– Кто был ничем… тот станет всем!

Бенька сжал зубы так сильно, что за ушами хрустнуло. Еще немного. Вон громадный валун. Его артельщики называют почтительно – Дед. Дед, спаси. Дед, помоги! Укрой…

– Это е-э-э-эсть на-а-аш… последний! И реши-и-ительный! Бой!

Рука вдруг представила, что в ней пистолет. Бенька сжал кулак. В кулаке железо. Он сошел с ума!

– С Инте-э-э-эр… на-а-а… циона-а-а-а… лом… воспрянет… ро-о-о-од…

Бенька перевернулся с живота на спину. Глядел в небо. Вызвездило мощно, неистово; звезды валились с зенита Беньке на лицо, на руки, в рот. Кулак поднялся. В кулаке наган. Тяжелый. Он отнял его у Федьки Свиное Рыло в честной драке. Сейчас он его уложит. За черноглазую. За украденный мир. За отрубленный сморщенный пальчик старухи Люли.

– Людско-о-о-ой! Это есть…

Выстрел! И еще!

Это раскатилось в камнях. Рыба встопорщилась в сизой, медовой толще воды, подняла муть со дна и пошла вверх, подняв морды, вращая звездными глазами.

– Наш! Последний!

Бенька поддерживал левой рукой правую руку. Каждый выстрел отдавал ему в плечо, и его покачивало, будто он взрослый и пьяный.

– И решительный!

Голубые лучи фонарей нашли его, скрестились. Выхватили из тьмы.

Эй! Братва! Яшка! Тут малец! Ишь, червяк! Побег! К лодке ползет!

Сразу кончать будем?!

А хтой-то? Армяшка? кудреватый, а! кудри в инее! белые все!

Да Беньямин из Голгофского барака!

Вставай! Вставай и в строй! Пой! Рот разевай!

На берег из леса вышли песцы и медведи. Волки сидели меж камней и выли на звезды. Собаки свесили розовые языки. По языкам на гальку текла собачья слюна. Звезды текли молоком. В молоке вымокли волосы. Под струями молока вздрагивали губы. Пистолет выпал из разжавшихся пальцев, лязгнул о кровавый мясной гранит.

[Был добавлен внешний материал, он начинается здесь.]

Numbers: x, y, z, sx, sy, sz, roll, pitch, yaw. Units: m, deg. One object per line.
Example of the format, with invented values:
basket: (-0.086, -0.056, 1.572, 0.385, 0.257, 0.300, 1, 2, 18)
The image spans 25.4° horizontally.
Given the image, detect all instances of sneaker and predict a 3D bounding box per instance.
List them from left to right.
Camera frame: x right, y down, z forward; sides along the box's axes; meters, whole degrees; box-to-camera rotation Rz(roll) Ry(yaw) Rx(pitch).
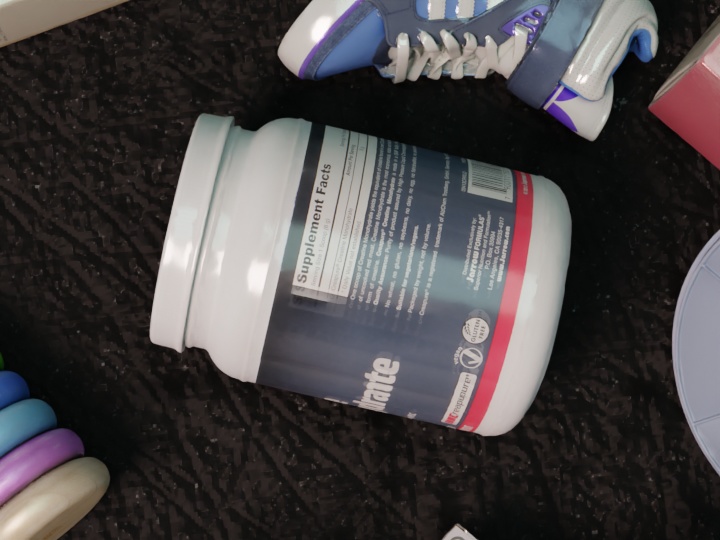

Пуля сама, танцуя, медленно вышла из ствола и взмыла, и порхала снежной птицей, искала, на кого бы сесть, кому бы влиться в душную, черную кровь.

– Б-о-о-о-ой!

И, танцуя, весело поднимая ноги-кочерги, пошел, пошел разудалый пацан на длинный, в ночи, хриплый крик, он же песня, он же гимн, он же гробовой вой; раскинув руки, полетел, сам став пулей, сам настигая и карая, и хохоча от счастья, и ослепнув от воли.

– С Интер… на-цио-на-лом… воспрянет!

Он всех поразил. Всех убил. Он – один – летя и разя – убил всех.

Палачей больше нет. А узники поют!

Спеть вместе с ними! Это песня победы! Песня свободы!

– Род… людско-о-о-ой!

И замолчали. И крик:

– Гражданин начальник… не могем больше… пусти! Или скопом всех – убей!

Молчали. Бенька не видел, не слышал, как подошел охранник в белом овечьем тулупе, убил одного, второго, третьего; как орал: «Щас запоете!»; как, упав на колени, баба вопила и щеки, и косы пятернею драла. Все вдохнули соленый мороз и разинули рты.

– Никто не даст нам избавленья…

В землянке, на юру, под сосной, над морем, медленно крестился старик у косматой чадной лампады. Пуля и пистолет стали черным созвездием и сияли далеко, высоко. Бенька оглох и ослеп ко всему, что не было этой красной, огненной, свободно пылающей песней. Стоял и пел, себя не слыша. Распухший язык с трудом ворочался во рту. А глотка расширялась свободно, воздушно, всесильно.


В жару бредил в бараке. Явился врач. Опустился и обволок, как туман. От него пахло плесенью.

Он засунул Беньке в рот таблетку аспирина, и Бенька вспотел, аж вымок весь.

Одежду на себе высушил. Разлепил глаза.

К вечеру всем было приказано явиться в клуб. Бенька полизал ладони, пригладил кудри: так причесался. Сложил рядышком ладони и поглядел в тайное дедово зеркальце. Понравился сам себе.

В клубе народу полно. Вохровцы курят в коридоре. Скотам – не разрешено. Многие забыли запах табака. Рожи кривят, униженно просят охрану: эй, мужик, дай курнуть! Либо щелбана влепят, либо выдуют дым тебе в лицо. Никого никогда ни о чем не проси. Догонят и еще добавят.